One drawback to the new, rewritten Notebook framework is that, while it is mostly backward compatible with existing Jupyter Notebooks, most JavaScript extensions will not work. This is because the Notebook component of JupyterLab has a new and incompatible extension mechanism, based on TypeScript, which is a superset of JavaScript that features optional type annotations and compiles to JavaScript. However, some JavaScript extensions, such as the interactive widgets that were demonstrated in the previous article, already have JupyterLab versions; note that Node.js is required to install them.

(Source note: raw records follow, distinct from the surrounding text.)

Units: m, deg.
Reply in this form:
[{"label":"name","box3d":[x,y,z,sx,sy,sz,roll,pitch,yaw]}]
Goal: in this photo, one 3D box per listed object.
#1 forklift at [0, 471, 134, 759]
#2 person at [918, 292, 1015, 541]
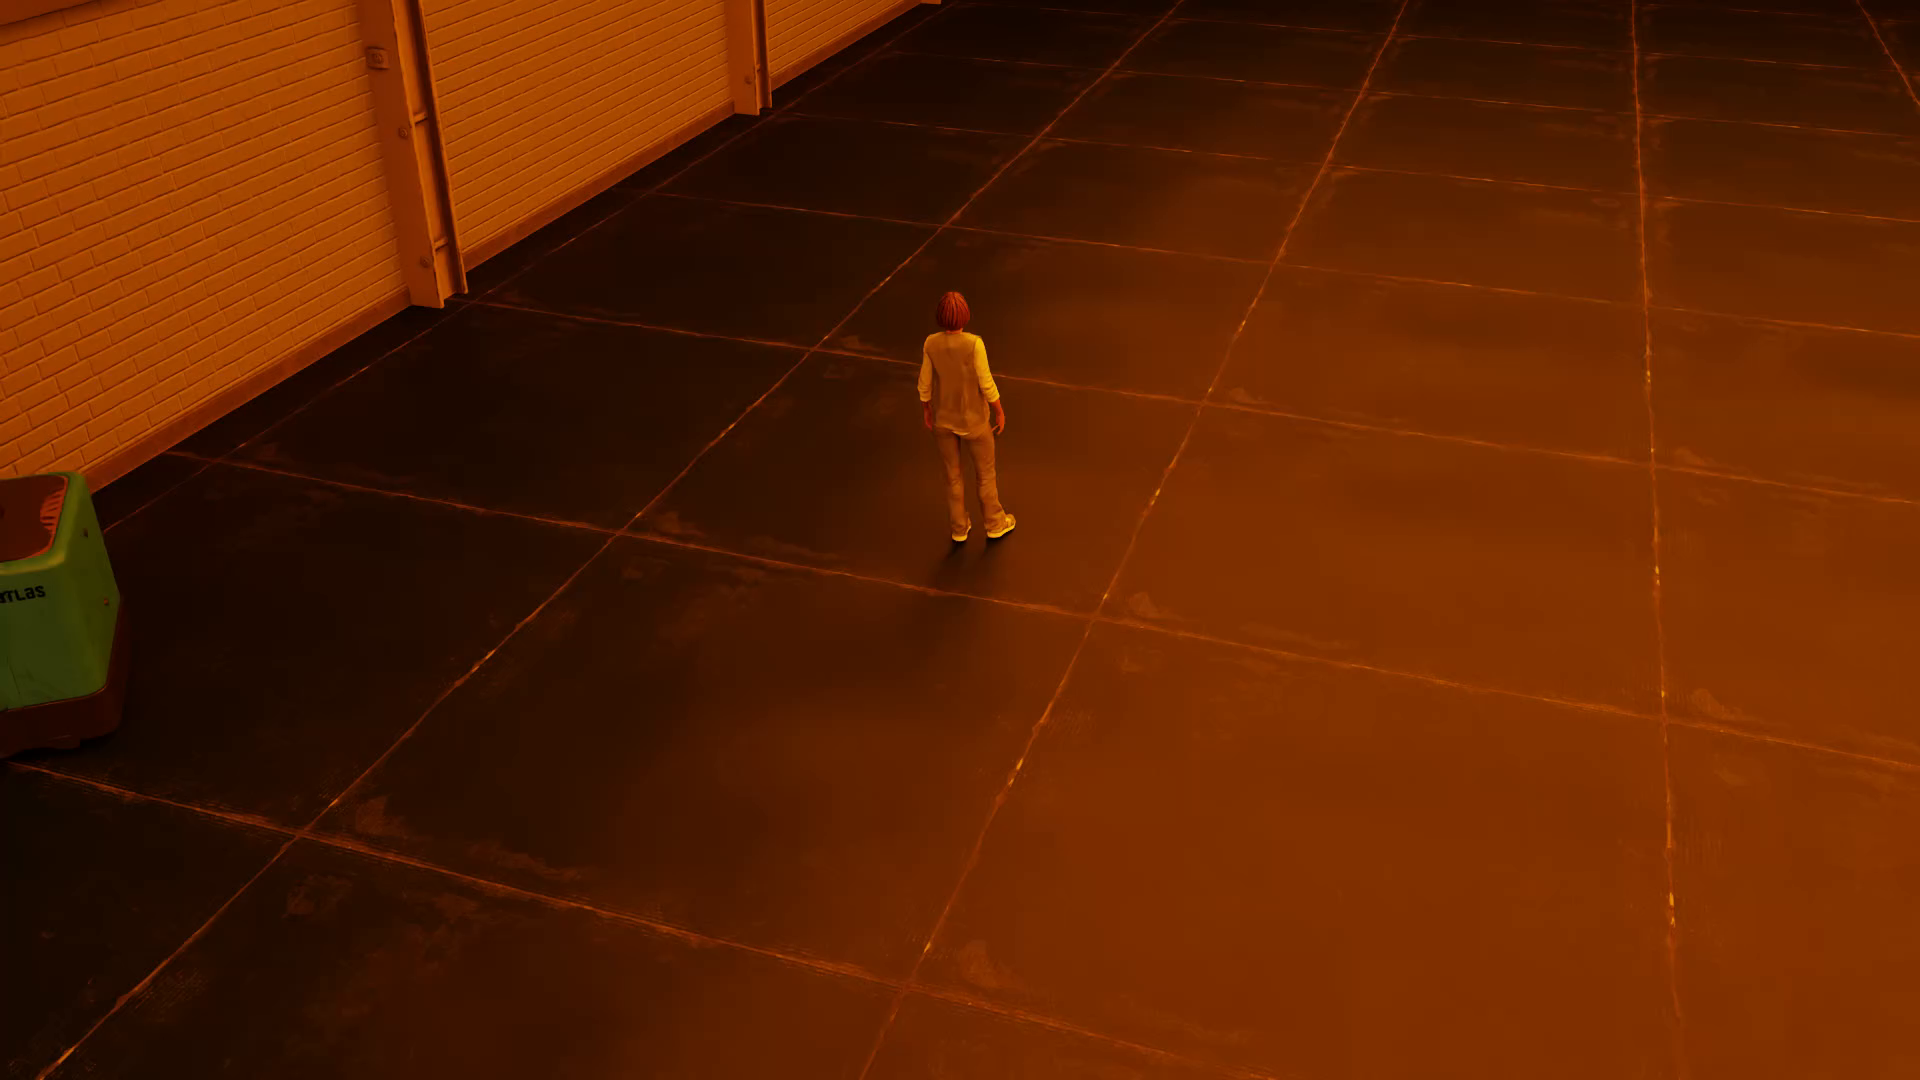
[{"label":"forklift","box3d":[-5.782,-0.248,7.572,3.031,2.935,1.130,-10,31,-17]},{"label":"person","box3d":[0.037,-0.732,9.753,0.520,1.597,0.475,10,31,16]}]

For those interested in more backstory, Karlijn Willems provides a good rundown of the history of the Jupyter Notebook and its relationship with IPython and similar notebook projects, from both the commercial and free-software worlds.

Using JupyterLab

Let's go through a brief rundown of JupyterLab's main features, to provide an idea of what it's like to use the new environment. Start JupyterLab by typing jupyter lab at the command line on a system with it installed (more about that below). If you do this from within a directory that contains an existing Jupyter (or JupyterLab) Notebook, JupyterLab will make it convenient to open the Notebook using the file browser. A new tab or window should open in the default browser (recent versions of Firefox, Chrome, and Safari are supported) that contains the JupyterLab environment.

If this is the first time starting JupyterLab, the window will appear as in the figure above, with a file browser on the left and the "launcher" on the right. The launcher's contents depend on what kernels are installed. Kernels provide the interface between Jupyter (or JupyterLab) and various programming languages, such as Julia, R, Go, and, of course, Python.

Besides the Python 3 and Python 2 kernels, I have a gnuplot kernel installed. I had been using this kernel with the Jupyter Notebook, and it works flawlessly with JupyterLab.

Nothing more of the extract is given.